Automation of the glycerolization of red blood cells with the high-separation bowl in the Haemonetics ACP 215 instrument

Abstract

Background: The FDA has approved a closed-system red blood cell (RBC) glycerolization procedure with the ACP 215 (Haemonetics), which requires a centrifuge to prepare RBCs before and after glycerolization. In the study reported here, the Haemonetics high-separation bowl was evaluated in an attempt to automate these two concentration steps.

Study design and methods: Ten units of nonleukoreduced citrate phosphate dextrose (CPD)-anticoagulated whole blood were stored at 4 degrees C for 2 to 6 days before glycerolization and freezing as nonrejuvenated RBCs. Twenty-five units of nonleukoreduced CPD whole blood were stored at 4 degrees C for 2 to 8 days and then biochemically treated with a solution containing pyruvate, inosine, phosphate, and adenine (PIPA) before glycerolization and freezing as indated-rejuvenated RBC. Twenty units of leukoreduced CPD and AS-1 RBCs were stored at 4 degrees C for a mean of 48 days and treated with PIPA solution before glycerolization and freezing as outdated-rejuvenated RBCs. The glycerolized RBCs were frozen for at least 2 weeks at -80 degrees C, deglycerolized in the Haemonetics ACP 215 with the 325-mL bowl, and stored in AS-3 at 4 degrees C for 21 days.

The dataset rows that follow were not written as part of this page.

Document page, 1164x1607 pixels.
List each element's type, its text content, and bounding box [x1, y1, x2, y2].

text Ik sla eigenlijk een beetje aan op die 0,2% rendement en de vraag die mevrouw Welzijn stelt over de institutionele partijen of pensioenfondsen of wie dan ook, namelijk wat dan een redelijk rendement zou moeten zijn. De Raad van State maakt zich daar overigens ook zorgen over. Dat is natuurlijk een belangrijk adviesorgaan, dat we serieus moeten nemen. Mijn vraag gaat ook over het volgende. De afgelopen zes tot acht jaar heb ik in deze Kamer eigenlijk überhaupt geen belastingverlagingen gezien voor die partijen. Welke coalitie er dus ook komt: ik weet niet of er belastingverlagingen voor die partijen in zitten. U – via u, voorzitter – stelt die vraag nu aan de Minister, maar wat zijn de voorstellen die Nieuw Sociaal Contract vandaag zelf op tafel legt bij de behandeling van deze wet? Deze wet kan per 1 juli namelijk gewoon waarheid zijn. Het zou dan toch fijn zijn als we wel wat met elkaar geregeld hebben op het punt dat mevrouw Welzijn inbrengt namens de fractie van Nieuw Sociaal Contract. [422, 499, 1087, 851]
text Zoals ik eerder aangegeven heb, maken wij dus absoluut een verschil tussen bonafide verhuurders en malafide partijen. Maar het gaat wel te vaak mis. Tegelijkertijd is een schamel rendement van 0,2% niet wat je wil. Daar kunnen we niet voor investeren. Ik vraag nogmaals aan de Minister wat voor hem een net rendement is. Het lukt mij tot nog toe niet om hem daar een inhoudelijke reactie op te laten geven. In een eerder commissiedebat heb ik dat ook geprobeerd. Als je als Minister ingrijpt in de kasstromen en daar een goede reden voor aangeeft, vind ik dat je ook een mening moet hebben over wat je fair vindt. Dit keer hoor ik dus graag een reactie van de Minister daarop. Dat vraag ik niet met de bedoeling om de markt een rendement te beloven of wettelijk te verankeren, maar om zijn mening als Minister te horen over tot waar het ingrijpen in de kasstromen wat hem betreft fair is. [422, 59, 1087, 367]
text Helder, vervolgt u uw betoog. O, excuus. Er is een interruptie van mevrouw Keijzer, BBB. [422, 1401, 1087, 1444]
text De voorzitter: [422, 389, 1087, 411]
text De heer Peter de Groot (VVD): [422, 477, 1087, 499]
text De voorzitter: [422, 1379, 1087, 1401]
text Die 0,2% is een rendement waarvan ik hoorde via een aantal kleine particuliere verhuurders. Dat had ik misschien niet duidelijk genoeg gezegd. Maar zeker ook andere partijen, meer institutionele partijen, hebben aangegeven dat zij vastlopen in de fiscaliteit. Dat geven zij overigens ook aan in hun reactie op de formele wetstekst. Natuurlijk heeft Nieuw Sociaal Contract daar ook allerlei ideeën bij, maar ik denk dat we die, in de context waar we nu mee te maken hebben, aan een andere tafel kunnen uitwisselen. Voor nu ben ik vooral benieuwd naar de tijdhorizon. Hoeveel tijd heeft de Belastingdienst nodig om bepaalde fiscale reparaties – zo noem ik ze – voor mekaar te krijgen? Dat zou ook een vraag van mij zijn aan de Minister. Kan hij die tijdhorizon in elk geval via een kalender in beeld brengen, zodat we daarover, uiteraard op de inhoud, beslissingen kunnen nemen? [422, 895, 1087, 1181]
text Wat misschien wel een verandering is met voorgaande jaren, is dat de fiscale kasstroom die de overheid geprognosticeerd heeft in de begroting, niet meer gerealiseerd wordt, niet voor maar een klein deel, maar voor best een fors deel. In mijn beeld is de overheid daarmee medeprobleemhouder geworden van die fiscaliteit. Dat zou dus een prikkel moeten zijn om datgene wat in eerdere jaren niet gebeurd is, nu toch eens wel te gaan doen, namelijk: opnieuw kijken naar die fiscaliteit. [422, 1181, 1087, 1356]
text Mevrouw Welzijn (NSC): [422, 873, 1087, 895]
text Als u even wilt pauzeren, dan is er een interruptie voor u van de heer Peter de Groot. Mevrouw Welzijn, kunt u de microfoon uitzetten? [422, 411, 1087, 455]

Results: It took approximately 50 minutes to glycerolize the nonrejuvenated and rejuvenated RBCs. After freezing, deglycerolization, and postwash storage at 4 degrees C in AS-3 for 2 weeks, the quality was similar to that of RBCs processed by the current FDA-approved method.

Conclusion: Processing time and need for technical expertise were significantly reduced with the completely automated functionally closed glycerolization procedure with the high-separation bowl in the Haemonetics ACP 215 instrument.